Looking at dstat, the iowait is also very high during the time dd reads.

 

Remove the direct I/O option of dd and execute it again

  1. echo 3 > /proc/sys/vm/drop_caches
  2. dd if =file of=/dev/null bs=1M
  3. 512+0 records in
  4. 512+0 records out
  5. 536870912 bytes (537 MB, 512 MiB) copied, 4.91158 s, 109 MB/s
  6. cachetop
  7. PID UID CMD HITS MISSES DIRTIES READ_HIT% WRITE_HIT%
  8. 4397 root python 2 0 0 100.0% 0.0%
  9. 4398 root dd 34198 33027 0 50.9% 49.1%

The result of dd monitoring here is that the HITS per second is 34198, and the cachetop monitors
34198*4/1024.0/3.0 every 3 seconds, that is, reads 44M of data per second, this time it is normal

A note on the O_DIRECT flag

  1. O_DIRECT (since Linux 2.4.10)
  2. Try to minimize cache effects of the I/O to and from this
  3. file. In general this will degrade performance, but it is
  4. useful in special situations, such as when applications do
  5. their own caching. File I/O is done directly to/from user-
  6. space buffers. The O_DIRECT flag on its own makes an effort
  7. to transfer data synchronously, but does not give the
  8. guarantees of the O_SYNC flag that data and necessary metadata
  9. are transferred. To guarantee synchronous I/O, O_SYNC must be
  10. used in addition to O_DIRECT. See NOTES below for further
  11. discussion.

Direct I/O generally means that the upper-layer application has its own cache system, so there is no need for operating system-level cache.

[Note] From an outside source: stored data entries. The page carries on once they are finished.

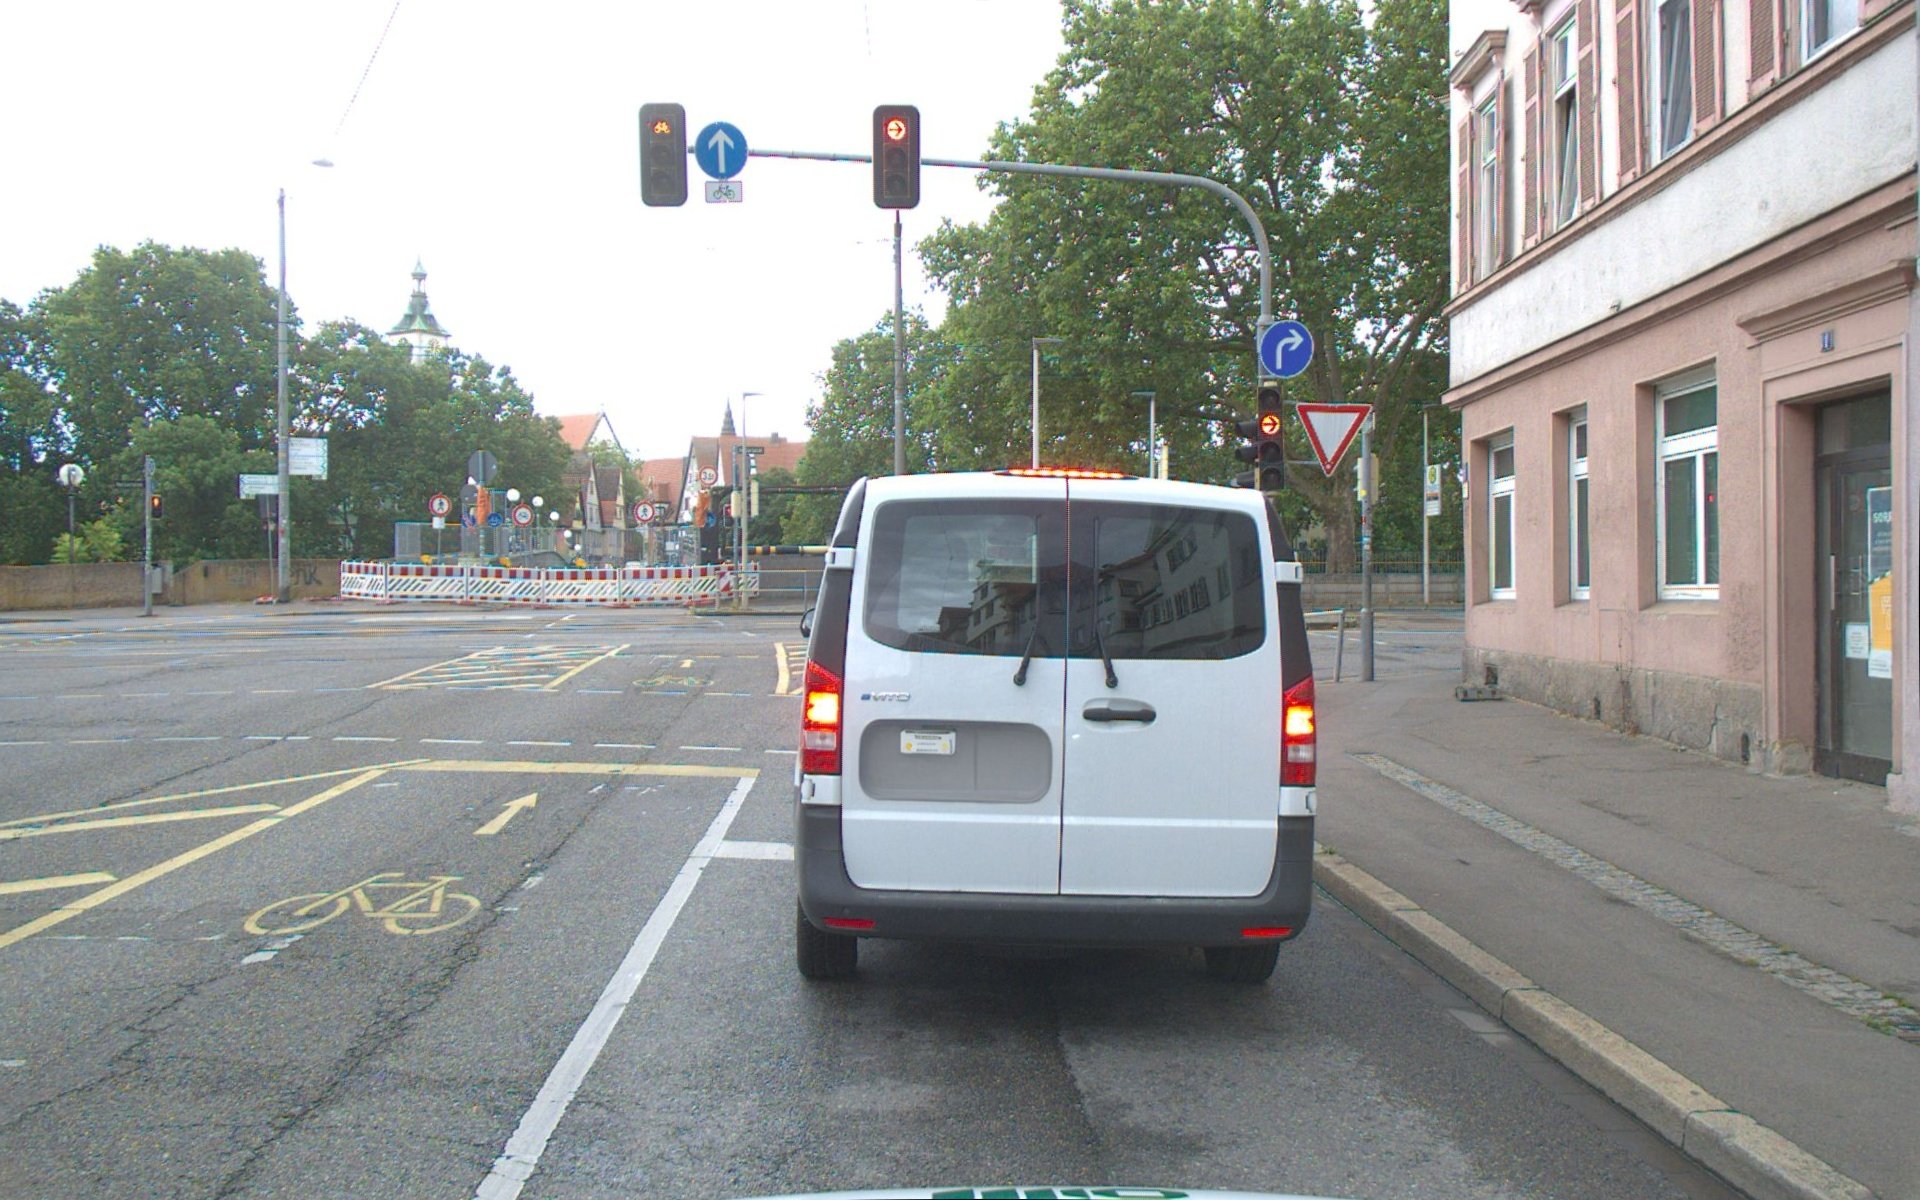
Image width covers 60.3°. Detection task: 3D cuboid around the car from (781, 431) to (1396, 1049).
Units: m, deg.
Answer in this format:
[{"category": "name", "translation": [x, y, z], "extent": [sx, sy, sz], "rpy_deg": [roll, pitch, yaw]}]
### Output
[{"category": "car", "translation": [0.284, 0.381, 7.411], "extent": [1.954, 1.956, 4.246], "rpy_deg": [1, 2, -4]}]

Direct reading and writing of disks is generally used for storage systems, such as databases and file systems. When reading and writing, you can bypass the file system layer of the operating system.

 

 

memory leak check

When the system allocates memory space to a process, the user space memory includes multiple different memory segments, such as read-only segment, data segment, heap, stack, file mapping, etc. These memory segments are the basic methods of memory usage by applications,
such as those defined in the program. Local variables, such as int a, char data[64]
stack memory are automatically allocated and managed by the system. Once the program runs beyond the scope of this local variable, the stack memory will be automatically reclaimed by the system, so there will be no memory leak problem.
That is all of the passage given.